Please transcribe exactly the lines from the first line of the records below through the line containing "Horizontal angle of view: 13.8°.", including both, and omit all pictures.

━━━━━━━━

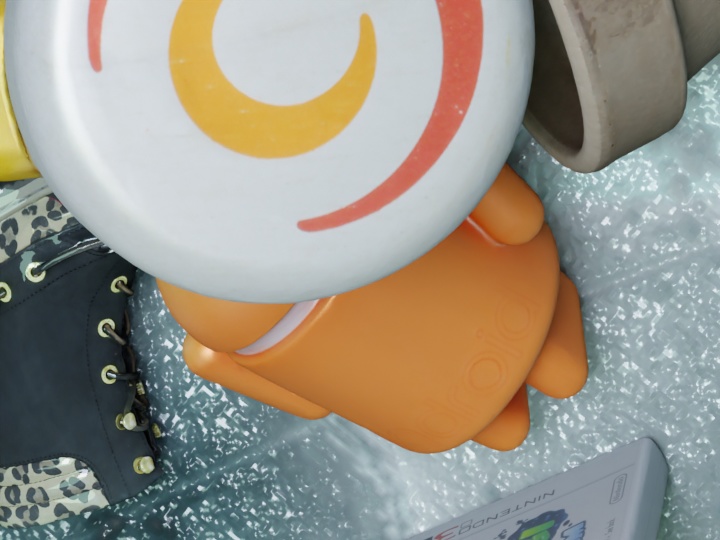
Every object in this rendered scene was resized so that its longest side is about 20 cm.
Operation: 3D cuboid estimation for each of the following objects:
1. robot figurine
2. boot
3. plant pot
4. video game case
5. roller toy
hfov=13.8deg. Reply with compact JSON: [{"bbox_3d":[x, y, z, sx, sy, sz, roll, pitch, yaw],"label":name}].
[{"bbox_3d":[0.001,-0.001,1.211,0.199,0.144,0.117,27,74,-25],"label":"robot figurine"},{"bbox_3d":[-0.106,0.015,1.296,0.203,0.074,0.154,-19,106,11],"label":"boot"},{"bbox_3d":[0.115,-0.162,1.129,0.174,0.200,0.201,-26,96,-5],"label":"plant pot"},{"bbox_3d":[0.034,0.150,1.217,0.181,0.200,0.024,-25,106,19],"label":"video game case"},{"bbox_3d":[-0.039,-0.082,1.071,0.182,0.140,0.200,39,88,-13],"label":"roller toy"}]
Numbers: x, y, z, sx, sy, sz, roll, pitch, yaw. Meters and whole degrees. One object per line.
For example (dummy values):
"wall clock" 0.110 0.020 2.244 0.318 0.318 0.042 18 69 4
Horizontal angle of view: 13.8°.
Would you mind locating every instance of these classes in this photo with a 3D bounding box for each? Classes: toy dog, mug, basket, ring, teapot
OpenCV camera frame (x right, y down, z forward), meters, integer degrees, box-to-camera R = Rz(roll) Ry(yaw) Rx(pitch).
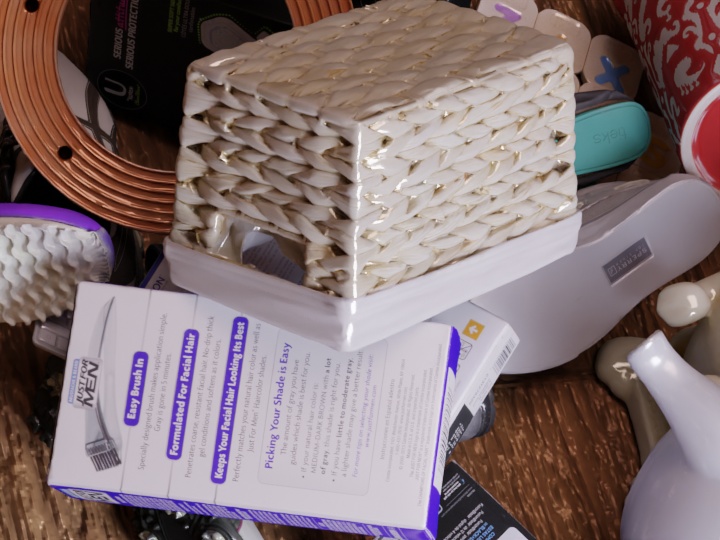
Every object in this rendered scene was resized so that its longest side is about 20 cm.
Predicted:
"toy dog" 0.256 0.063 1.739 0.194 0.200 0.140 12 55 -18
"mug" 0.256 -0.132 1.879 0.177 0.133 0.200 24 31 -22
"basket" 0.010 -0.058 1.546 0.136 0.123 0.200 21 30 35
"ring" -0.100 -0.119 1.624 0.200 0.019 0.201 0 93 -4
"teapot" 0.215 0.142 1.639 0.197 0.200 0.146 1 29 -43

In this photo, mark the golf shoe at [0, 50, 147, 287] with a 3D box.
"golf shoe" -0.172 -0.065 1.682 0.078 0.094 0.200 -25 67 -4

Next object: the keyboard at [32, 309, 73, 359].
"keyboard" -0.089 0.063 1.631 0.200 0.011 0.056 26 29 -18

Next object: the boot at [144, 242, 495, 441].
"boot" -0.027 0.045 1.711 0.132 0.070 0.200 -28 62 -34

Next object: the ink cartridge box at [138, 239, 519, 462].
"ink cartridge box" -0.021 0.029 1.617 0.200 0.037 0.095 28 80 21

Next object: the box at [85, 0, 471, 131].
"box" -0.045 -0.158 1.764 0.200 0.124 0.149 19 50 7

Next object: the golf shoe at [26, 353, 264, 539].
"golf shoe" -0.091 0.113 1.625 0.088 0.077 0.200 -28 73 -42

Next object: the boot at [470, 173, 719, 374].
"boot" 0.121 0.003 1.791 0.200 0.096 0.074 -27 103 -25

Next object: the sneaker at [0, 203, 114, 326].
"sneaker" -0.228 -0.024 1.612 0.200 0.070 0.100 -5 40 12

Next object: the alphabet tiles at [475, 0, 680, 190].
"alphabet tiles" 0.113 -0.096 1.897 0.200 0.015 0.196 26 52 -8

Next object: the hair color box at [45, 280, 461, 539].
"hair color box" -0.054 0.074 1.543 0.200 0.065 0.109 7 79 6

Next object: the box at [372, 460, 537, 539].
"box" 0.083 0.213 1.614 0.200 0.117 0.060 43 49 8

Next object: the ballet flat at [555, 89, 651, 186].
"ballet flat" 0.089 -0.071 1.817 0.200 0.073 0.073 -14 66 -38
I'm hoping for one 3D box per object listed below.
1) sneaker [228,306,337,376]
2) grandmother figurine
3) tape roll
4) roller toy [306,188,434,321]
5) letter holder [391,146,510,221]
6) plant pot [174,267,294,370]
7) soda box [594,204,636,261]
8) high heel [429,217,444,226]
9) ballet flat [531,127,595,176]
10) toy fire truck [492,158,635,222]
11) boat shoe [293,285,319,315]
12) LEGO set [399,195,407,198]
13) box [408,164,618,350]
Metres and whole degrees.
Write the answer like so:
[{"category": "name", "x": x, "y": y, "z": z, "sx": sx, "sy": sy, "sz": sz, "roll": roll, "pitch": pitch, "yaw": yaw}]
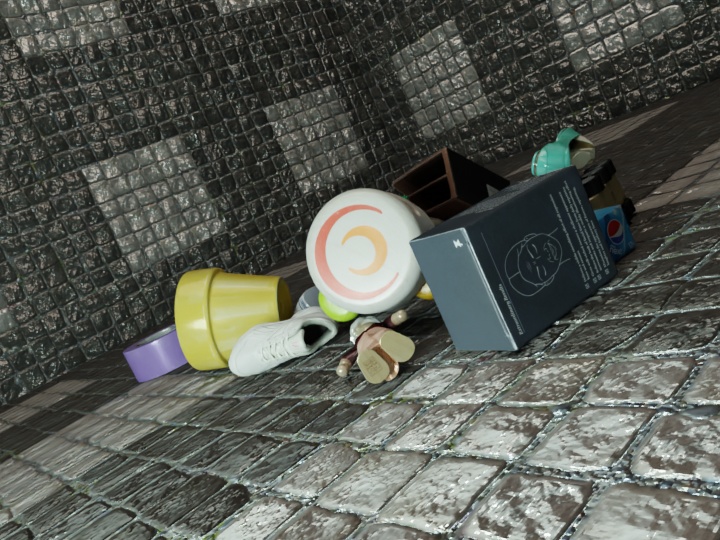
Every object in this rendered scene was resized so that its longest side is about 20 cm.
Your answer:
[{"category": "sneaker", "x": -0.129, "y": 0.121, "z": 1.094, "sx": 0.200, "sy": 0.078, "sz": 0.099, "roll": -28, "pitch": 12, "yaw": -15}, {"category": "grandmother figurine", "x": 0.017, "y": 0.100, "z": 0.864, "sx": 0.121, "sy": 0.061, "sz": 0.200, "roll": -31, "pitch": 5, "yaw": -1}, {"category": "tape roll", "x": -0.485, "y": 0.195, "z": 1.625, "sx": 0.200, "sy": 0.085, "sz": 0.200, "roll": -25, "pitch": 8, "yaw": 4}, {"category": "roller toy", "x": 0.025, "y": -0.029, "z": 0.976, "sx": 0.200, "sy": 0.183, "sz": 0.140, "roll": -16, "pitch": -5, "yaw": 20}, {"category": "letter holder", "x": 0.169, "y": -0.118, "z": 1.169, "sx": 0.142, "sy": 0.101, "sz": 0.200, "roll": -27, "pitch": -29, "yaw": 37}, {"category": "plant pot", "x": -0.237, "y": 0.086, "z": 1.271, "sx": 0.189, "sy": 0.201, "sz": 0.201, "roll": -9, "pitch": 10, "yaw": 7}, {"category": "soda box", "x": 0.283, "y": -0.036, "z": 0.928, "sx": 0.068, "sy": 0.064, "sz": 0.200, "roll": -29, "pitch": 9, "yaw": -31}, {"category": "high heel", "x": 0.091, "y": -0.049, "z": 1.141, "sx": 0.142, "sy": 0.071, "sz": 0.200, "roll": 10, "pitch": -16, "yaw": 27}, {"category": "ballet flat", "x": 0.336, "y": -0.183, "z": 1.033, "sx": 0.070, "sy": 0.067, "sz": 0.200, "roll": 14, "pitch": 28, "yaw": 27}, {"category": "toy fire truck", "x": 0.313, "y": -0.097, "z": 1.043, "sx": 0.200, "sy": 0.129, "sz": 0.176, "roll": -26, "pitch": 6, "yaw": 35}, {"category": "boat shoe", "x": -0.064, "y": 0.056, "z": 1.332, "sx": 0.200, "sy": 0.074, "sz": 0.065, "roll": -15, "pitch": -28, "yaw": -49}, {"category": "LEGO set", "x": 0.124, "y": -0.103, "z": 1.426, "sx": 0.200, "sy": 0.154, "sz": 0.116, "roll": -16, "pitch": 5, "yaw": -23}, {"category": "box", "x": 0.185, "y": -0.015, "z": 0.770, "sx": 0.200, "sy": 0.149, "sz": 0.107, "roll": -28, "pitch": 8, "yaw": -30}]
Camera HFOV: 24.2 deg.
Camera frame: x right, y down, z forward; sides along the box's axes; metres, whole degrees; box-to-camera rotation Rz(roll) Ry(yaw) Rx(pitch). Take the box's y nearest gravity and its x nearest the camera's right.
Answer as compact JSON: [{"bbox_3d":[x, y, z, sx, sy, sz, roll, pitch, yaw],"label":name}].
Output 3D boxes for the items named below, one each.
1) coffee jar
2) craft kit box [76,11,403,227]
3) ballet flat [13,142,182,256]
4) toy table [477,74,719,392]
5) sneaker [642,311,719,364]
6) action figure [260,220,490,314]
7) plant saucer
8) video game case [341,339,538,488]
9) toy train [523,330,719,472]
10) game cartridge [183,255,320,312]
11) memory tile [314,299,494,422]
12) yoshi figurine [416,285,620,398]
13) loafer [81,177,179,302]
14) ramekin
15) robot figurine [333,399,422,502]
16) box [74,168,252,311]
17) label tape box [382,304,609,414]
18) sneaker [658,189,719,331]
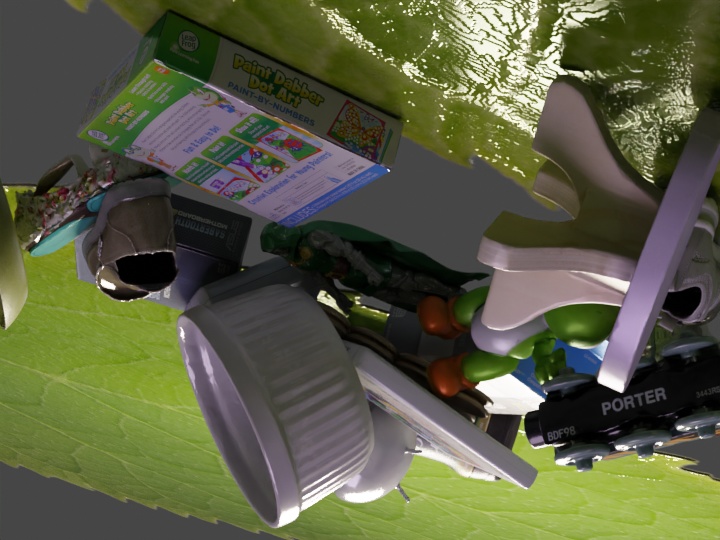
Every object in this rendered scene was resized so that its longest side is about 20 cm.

━━━━━━━━

Response to the exercise:
Every object in this rendered scene was resized so that its longest side is about 20 cm.
Operation: 3D cuboid estimation for each of the following objects:
1. robot figurine
2. boot
3. plant pot
4. video game case
5. roller toy
hfov=13.8deg. Reply with compact JSON: [{"bbox_3d":[x, y, z, sx, sy, sz, roll, pitch, yaw],"label":name}].
[{"bbox_3d":[0.001,-0.001,1.211,0.199,0.144,0.117,27,74,-25],"label":"robot figurine"},{"bbox_3d":[-0.106,0.015,1.296,0.203,0.074,0.154,-19,106,11],"label":"boot"},{"bbox_3d":[0.115,-0.162,1.129,0.174,0.200,0.201,-26,96,-5],"label":"plant pot"},{"bbox_3d":[0.034,0.150,1.217,0.181,0.200,0.024,-25,106,19],"label":"video game case"},{"bbox_3d":[-0.039,-0.082,1.071,0.182,0.140,0.200,39,88,-13],"label":"roller toy"}]
Numbers: x, y, z, sx, sy, sz, roll, pitch, yaw. Meters and whole degrees. One object per line.
For example (dummy values):
"wall clock" 0.110 0.020 2.244 0.318 0.318 0.042 18 69 4
Horizontal angle of view: 13.8°.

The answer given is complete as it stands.